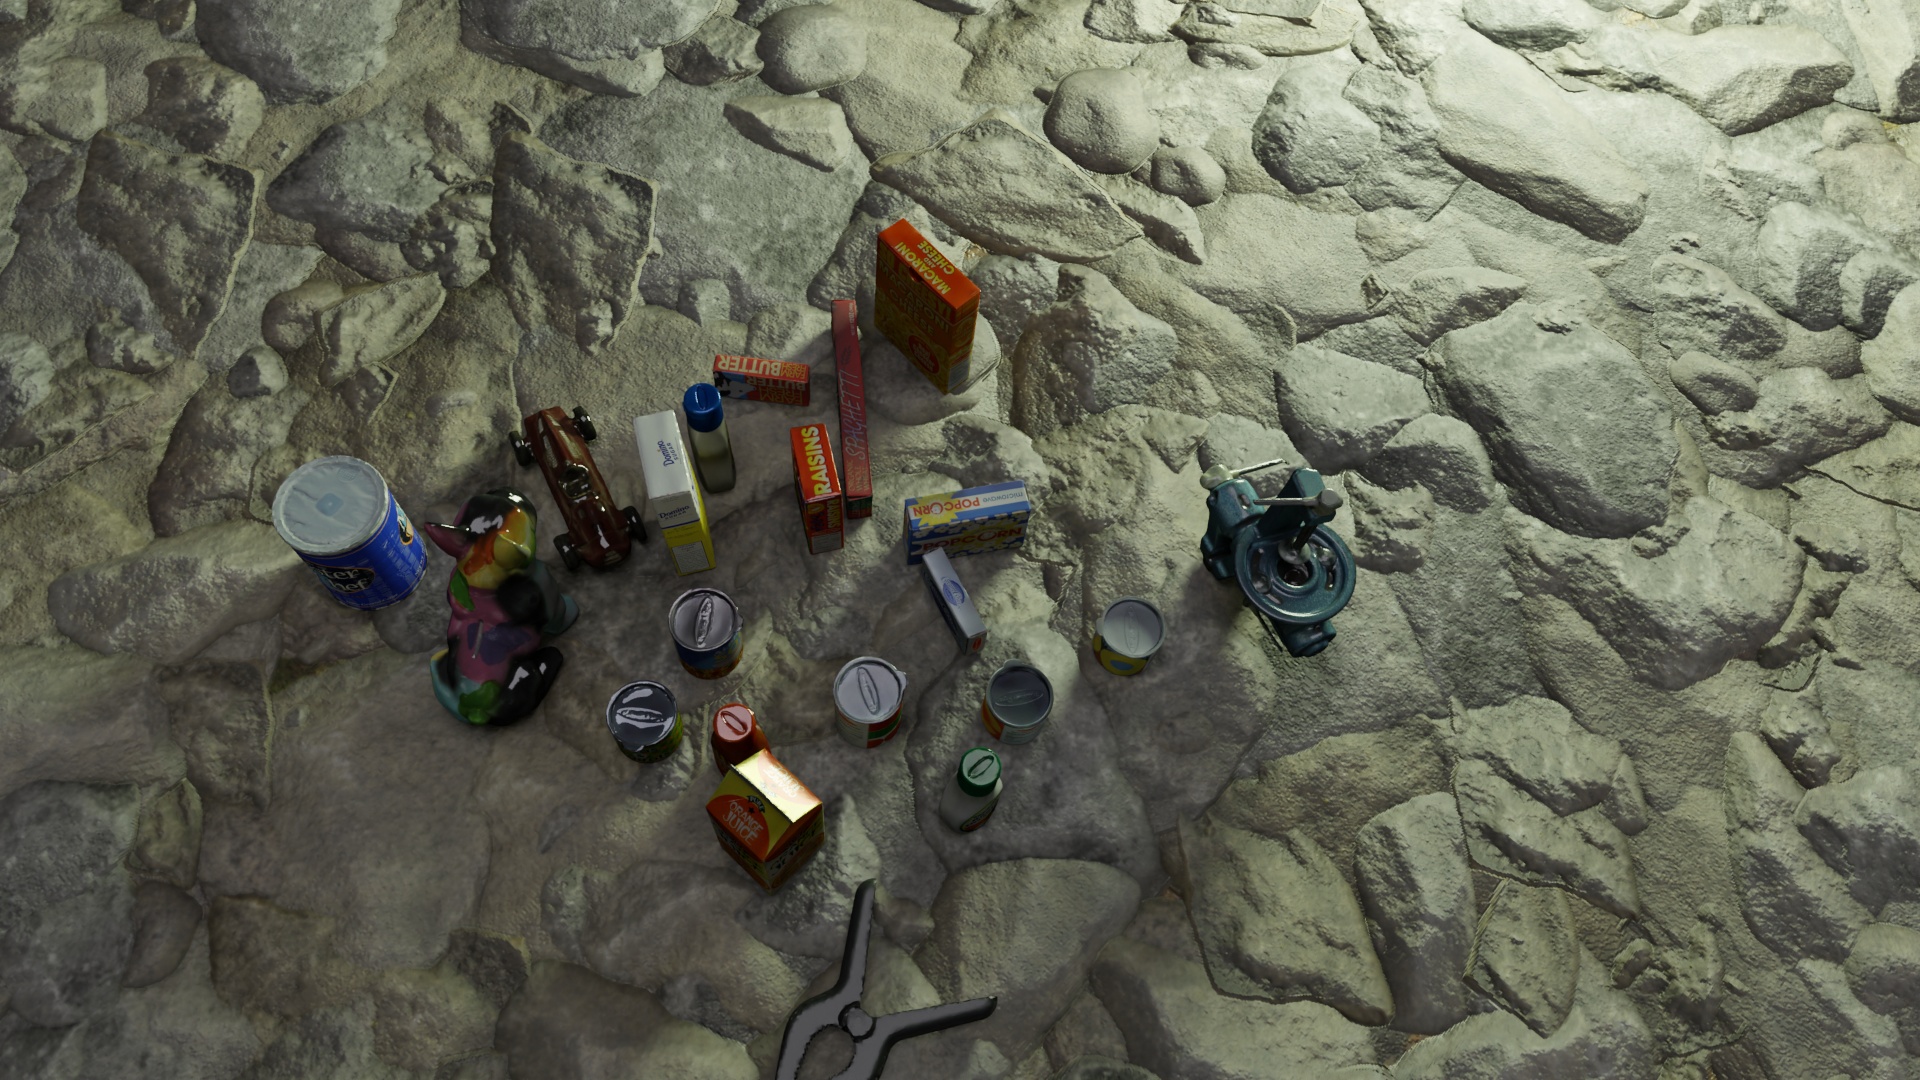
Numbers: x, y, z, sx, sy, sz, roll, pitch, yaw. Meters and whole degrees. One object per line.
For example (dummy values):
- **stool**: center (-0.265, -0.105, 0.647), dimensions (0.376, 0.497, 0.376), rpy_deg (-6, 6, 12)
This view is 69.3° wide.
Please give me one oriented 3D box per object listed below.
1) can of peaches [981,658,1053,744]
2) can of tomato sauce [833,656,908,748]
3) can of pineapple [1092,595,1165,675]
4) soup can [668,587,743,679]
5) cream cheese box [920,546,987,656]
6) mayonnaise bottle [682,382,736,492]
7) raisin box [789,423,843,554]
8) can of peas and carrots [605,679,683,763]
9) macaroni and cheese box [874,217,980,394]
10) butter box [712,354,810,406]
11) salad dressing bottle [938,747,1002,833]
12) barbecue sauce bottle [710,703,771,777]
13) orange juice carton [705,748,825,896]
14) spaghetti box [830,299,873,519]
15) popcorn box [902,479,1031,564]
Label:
- **can of peaches**: center (0.055, 0.159, 1.362), dimensions (0.071, 0.057, 0.071), rpy_deg (2, 64, -4)
- **can of tomato sauce**: center (-0.087, 0.156, 1.338), dimensions (0.071, 0.082, 0.071), rpy_deg (2, 64, -3)
- **can of pineapple**: center (0.168, 0.096, 1.401), dimensions (0.071, 0.057, 0.071), rpy_deg (2, 64, -4)
- **soup can**: center (-0.245, 0.092, 1.356), dimensions (0.071, 0.083, 0.071), rpy_deg (2, 64, -3)
- **cream cheese box**: center (-0.008, 0.062, 1.406), dimensions (0.024, 0.053, 0.104), rpy_deg (-23, 68, -14)
- **mayonnaise bottle**: center (-0.256, -0.107, 1.417), dimensions (0.041, 0.147, 0.065), rpy_deg (-13, 66, -10)
- **raisin box**: center (-0.146, -0.052, 1.412), dimensions (0.040, 0.123, 0.086), rpy_deg (-10, 66, -9)
- **can of peas and carrots**: center (-0.301, 0.176, 1.325), dimensions (0.071, 0.058, 0.071), rpy_deg (2, 64, -4)
- **macaroni and cheese box**: center (-0.039, -0.248, 1.491), dimensions (0.040, 0.165, 0.124), rpy_deg (-38, 73, -19)
- **butter box**: center (-0.214, -0.173, 1.505), dimensions (0.103, 0.053, 0.024), rpy_deg (6, 64, -1)
- **salad dressing bottle**: center (0.012, 0.228, 1.275), dimensions (0.064, 0.147, 0.044), rpy_deg (-37, 72, -19)
- **barbecue sauce bottle**: center (-0.202, 0.189, 1.277), dimensions (0.065, 0.148, 0.044), rpy_deg (39, 68, 13)
- **orange juice carton**: center (-0.170, 0.247, 1.227), dimensions (0.072, 0.191, 0.073), rpy_deg (41, 68, 14)
- **spaghetti box**: center (-0.118, -0.144, 1.499), dimensions (0.029, 0.050, 0.251), rpy_deg (-4, 65, -6)
- **popcorn box**: center (0.005, -0.018, 1.428), dimensions (0.127, 0.085, 0.038), rpy_deg (-10, 66, -9)
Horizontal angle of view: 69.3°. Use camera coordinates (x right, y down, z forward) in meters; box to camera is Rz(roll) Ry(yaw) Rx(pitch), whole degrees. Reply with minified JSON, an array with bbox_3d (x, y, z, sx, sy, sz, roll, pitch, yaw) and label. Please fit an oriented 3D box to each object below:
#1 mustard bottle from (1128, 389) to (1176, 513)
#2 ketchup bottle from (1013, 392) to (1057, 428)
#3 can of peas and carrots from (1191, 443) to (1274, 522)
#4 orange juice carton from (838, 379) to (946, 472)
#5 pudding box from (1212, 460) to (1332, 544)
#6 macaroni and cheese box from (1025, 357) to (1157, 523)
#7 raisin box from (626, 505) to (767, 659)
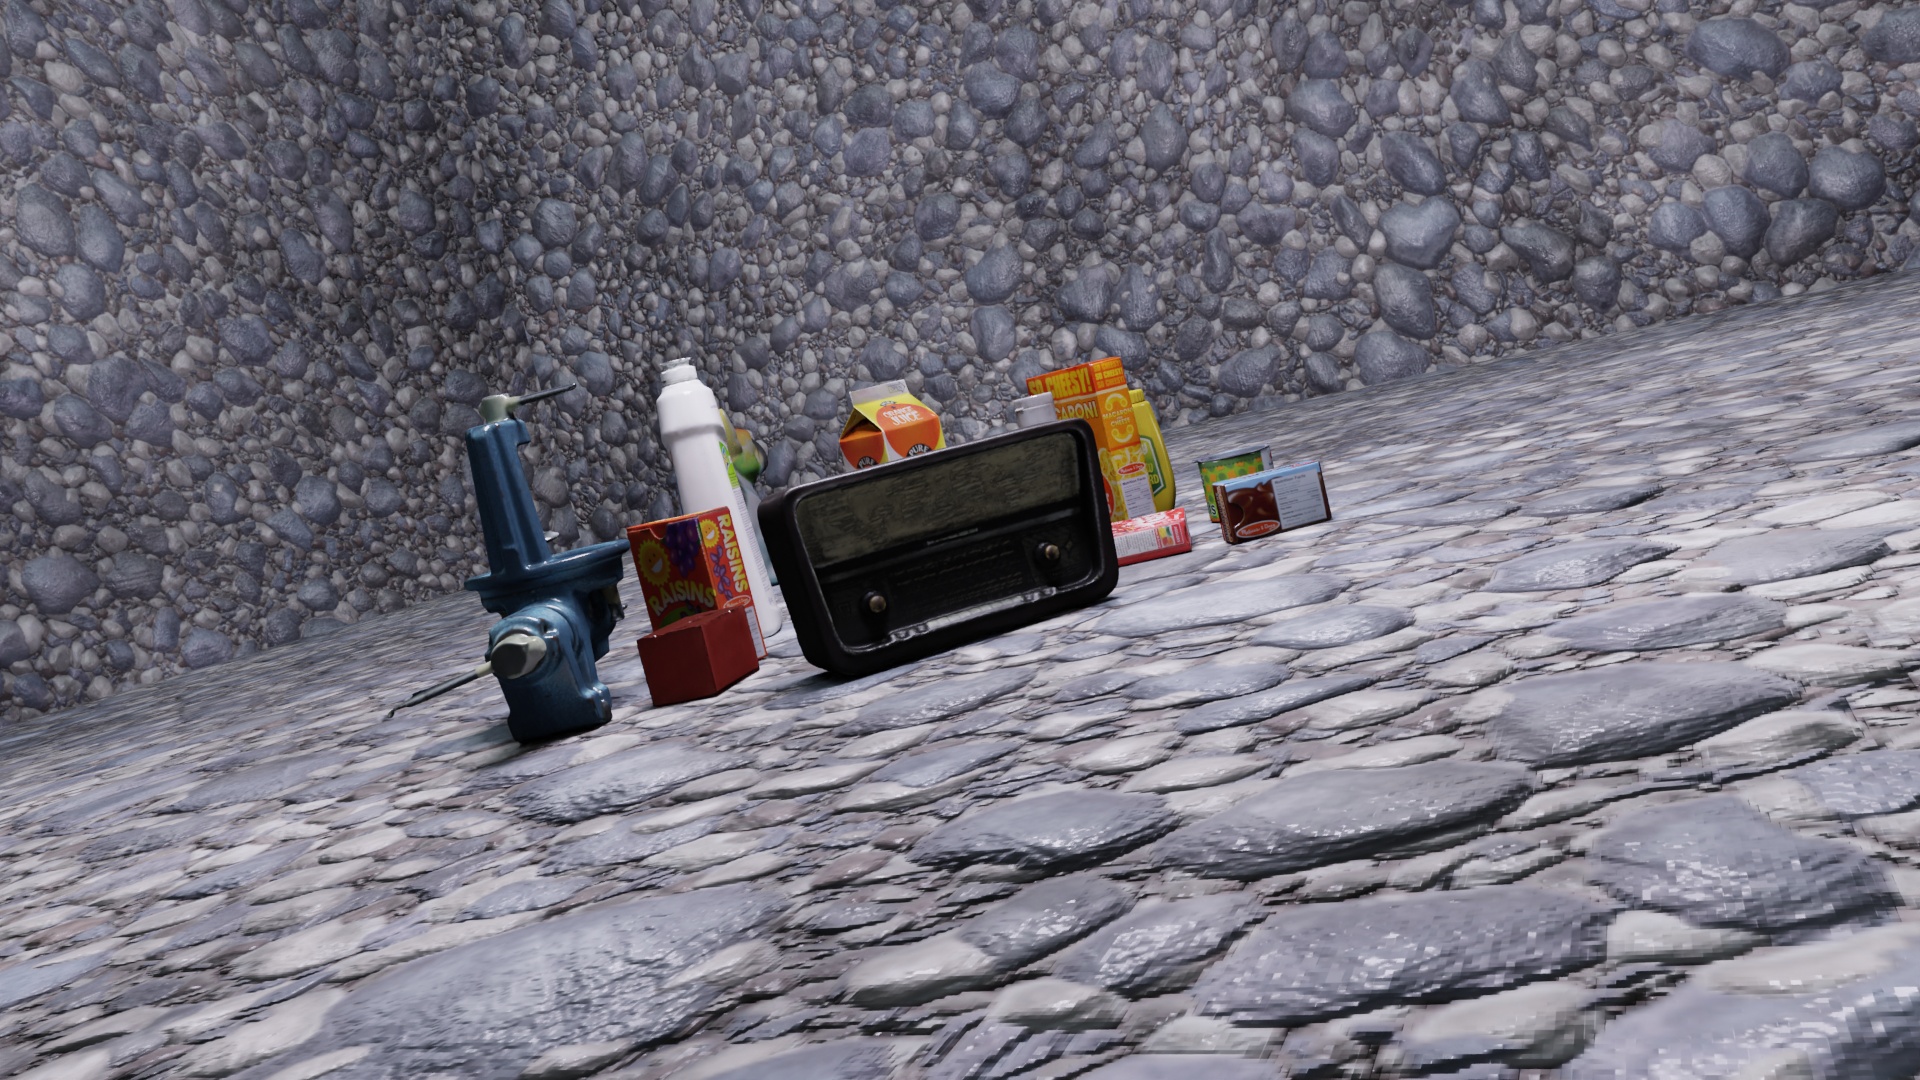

Instructions for the task:
From the first line through the line with "2) can of tomato sauce [833,656,908,748]", output those lines of the entries above exactly, and nothing else, with the pictures left out.

Task result:
Numbers: x, y, z, sx, sy, sz, roll, pitch, yaw. Meters and whole degrees. One object per line.
For example (dummy values):
- **stool**: center (-0.265, -0.105, 0.647), dimensions (0.376, 0.497, 0.376), rpy_deg (-6, 6, 12)
This view is 69.3° wide.
Please give me one oriented 3D box per object listed below.
1) can of peaches [981,658,1053,744]
2) can of tomato sauce [833,656,908,748]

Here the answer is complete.